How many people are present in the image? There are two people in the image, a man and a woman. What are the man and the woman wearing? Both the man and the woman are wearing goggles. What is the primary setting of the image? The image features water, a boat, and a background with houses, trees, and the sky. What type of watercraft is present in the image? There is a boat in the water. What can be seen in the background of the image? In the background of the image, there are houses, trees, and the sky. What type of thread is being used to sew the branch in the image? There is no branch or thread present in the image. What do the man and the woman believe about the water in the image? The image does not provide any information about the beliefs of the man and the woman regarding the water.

-- -- --

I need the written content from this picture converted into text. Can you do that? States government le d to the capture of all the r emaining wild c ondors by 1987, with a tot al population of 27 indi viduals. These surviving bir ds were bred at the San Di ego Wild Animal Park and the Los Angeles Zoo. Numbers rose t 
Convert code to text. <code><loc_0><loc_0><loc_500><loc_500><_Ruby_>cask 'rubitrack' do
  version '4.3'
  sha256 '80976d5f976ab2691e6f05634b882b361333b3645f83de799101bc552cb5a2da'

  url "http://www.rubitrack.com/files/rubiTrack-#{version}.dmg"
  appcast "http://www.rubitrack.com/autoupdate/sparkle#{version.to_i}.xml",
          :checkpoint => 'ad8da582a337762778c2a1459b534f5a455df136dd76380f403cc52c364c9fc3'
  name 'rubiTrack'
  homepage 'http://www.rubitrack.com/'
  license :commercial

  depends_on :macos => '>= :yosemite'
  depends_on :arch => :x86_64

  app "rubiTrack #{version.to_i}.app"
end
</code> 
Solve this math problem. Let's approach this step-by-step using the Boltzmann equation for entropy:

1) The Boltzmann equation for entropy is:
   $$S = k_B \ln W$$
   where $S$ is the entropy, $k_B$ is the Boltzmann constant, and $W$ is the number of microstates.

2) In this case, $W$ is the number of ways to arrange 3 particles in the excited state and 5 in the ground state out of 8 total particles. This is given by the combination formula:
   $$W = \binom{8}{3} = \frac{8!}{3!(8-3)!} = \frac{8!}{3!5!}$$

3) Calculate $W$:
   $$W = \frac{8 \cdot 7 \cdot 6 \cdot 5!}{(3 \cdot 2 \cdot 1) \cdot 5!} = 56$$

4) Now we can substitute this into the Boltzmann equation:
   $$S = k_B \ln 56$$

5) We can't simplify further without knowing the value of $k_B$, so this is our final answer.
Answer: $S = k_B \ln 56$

-- -- --

> _TASK_
Select and copy every line of the material that holds the string "frac".

> _WRITTEN ANSWER_
   $$W = \binom{8}{3} = \frac{8!}{3!(8-3)!} = \frac{8!}{3!5!}$$
   $$W = \frac{8 \cdot 7 \cdot 6 \cdot 5!}{(3 \cdot 2 \cdot 1) \cdot 5!} = 56$$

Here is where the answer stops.